[Start of section]

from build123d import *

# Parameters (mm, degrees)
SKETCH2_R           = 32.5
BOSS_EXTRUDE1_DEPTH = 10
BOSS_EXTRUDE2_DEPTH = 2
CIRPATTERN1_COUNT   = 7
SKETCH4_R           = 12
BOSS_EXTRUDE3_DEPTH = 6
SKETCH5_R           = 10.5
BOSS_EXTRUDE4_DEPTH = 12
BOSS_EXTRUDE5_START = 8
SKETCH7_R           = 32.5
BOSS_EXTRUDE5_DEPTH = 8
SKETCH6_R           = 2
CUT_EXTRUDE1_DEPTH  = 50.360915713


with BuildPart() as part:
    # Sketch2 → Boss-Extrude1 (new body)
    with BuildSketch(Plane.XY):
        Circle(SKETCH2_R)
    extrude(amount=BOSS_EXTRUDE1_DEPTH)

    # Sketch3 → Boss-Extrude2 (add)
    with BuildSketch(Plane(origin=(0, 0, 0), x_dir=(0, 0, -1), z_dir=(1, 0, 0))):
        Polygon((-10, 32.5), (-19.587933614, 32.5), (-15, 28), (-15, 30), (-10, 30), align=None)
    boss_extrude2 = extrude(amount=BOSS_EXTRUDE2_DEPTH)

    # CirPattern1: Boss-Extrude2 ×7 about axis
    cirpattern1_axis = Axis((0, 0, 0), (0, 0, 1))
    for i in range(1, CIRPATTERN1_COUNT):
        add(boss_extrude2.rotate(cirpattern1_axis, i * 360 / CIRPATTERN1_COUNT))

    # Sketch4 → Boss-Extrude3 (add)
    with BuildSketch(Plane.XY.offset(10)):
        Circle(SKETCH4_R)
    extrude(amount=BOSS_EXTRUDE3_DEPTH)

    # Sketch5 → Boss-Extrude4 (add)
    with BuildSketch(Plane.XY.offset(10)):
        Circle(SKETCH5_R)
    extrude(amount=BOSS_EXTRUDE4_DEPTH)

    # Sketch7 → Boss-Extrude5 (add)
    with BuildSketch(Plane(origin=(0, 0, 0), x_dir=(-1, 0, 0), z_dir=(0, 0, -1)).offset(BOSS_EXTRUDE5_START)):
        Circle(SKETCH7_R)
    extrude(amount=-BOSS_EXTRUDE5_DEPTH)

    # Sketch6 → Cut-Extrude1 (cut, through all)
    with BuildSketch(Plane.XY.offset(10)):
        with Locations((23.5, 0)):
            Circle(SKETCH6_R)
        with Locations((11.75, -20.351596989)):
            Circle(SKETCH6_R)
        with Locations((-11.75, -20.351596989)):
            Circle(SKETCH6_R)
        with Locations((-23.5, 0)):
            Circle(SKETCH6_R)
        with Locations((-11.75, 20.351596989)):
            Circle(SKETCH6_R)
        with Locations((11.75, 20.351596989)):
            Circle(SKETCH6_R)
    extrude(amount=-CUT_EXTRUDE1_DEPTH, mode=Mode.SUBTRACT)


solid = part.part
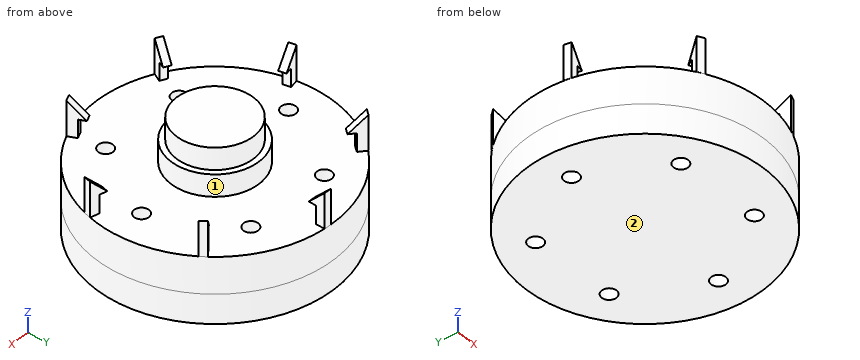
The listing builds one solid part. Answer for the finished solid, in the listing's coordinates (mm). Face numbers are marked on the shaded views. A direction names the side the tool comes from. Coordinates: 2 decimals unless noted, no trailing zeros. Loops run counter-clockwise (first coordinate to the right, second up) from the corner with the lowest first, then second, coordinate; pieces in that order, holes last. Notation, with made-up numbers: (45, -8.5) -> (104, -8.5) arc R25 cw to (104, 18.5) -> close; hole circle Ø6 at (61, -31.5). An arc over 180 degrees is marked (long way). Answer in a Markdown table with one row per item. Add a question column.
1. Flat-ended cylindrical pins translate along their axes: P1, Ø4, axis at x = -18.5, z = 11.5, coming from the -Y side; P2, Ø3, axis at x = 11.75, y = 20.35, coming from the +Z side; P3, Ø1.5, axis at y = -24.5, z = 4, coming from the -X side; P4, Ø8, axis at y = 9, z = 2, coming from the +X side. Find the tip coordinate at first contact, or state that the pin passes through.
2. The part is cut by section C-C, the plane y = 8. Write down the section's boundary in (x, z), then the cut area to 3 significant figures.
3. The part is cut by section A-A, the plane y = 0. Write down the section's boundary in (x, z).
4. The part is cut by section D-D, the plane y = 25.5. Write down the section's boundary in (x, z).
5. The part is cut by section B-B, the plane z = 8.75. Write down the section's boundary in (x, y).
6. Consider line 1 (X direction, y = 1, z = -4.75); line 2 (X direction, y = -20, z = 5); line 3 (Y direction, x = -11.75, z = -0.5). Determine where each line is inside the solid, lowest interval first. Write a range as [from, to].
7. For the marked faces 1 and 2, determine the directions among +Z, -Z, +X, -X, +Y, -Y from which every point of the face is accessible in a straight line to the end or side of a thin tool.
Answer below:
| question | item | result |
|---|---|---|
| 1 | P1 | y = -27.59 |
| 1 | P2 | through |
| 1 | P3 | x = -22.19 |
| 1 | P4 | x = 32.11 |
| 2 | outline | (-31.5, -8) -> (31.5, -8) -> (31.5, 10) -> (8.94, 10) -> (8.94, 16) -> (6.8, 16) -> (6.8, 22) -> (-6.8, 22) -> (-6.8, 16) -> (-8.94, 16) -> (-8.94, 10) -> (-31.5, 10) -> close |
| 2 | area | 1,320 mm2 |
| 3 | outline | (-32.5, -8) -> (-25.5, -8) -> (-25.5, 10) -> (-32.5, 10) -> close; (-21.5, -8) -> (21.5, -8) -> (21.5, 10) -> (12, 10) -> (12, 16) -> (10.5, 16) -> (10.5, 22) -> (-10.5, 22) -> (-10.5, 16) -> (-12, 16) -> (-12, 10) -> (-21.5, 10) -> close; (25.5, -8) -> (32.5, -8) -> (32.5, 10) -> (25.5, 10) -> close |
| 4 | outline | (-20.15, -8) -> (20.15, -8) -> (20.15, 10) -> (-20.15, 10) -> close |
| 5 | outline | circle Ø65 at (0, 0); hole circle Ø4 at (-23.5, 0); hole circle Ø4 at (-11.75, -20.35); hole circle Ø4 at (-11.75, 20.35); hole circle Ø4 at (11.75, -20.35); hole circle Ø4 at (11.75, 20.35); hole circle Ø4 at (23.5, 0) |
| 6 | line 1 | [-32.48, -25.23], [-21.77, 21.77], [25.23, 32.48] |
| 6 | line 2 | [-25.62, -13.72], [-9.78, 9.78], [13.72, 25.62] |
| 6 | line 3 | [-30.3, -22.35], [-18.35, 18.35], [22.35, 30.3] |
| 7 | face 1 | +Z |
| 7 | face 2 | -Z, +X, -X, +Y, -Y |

[End of section]

### YOUR TASK
The output should be exactly the lines above from the line containing "4. The part" to the line containing "(25.5, 10) -> close |", inclusive, with no other lines.

### RESPONSE TO THIS TASK
4. The part is cut by section D-D, the plane y = 25.5. Write down the section's boundary in (x, z).
5. The part is cut by section B-B, the plane z = 8.75. Write down the section's boundary in (x, y).
6. Consider line 1 (X direction, y = 1, z = -4.75); line 2 (X direction, y = -20, z = 5); line 3 (Y direction, x = -11.75, z = -0.5). Determine where each line is inside the solid, lowest interval first. Write a range as [from, to].
7. For the marked faces 1 and 2, determine the directions among +Z, -Z, +X, -X, +Y, -Y from which every point of the face is accessible in a straight line to the end or side of a thin tool.
Answer below:
| question | item | result |
|---|---|---|
| 1 | P1 | y = -27.59 |
| 1 | P2 | through |
| 1 | P3 | x = -22.19 |
| 1 | P4 | x = 32.11 |
| 2 | outline | (-31.5, -8) -> (31.5, -8) -> (31.5, 10) -> (8.94, 10) -> (8.94, 16) -> (6.8, 16) -> (6.8, 22) -> (-6.8, 22) -> (-6.8, 16) -> (-8.94, 16) -> (-8.94, 10) -> (-31.5, 10) -> close |
| 2 | area | 1,320 mm2 |
| 3 | outline | (-32.5, -8) -> (-25.5, -8) -> (-25.5, 10) -> (-32.5, 10) -> close; (-21.5, -8) -> (21.5, -8) -> (21.5, 10) -> (12, 10) -> (12, 16) -> (10.5, 16) -> (10.5, 22) -> (-10.5, 22) -> (-10.5, 16) -> (-12, 16) -> (-12, 10) -> (-21.5, 10) -> close; (25.5, -8) -> (32.5, -8) -> (32.5, 10) -> (25.5, 10) -> close |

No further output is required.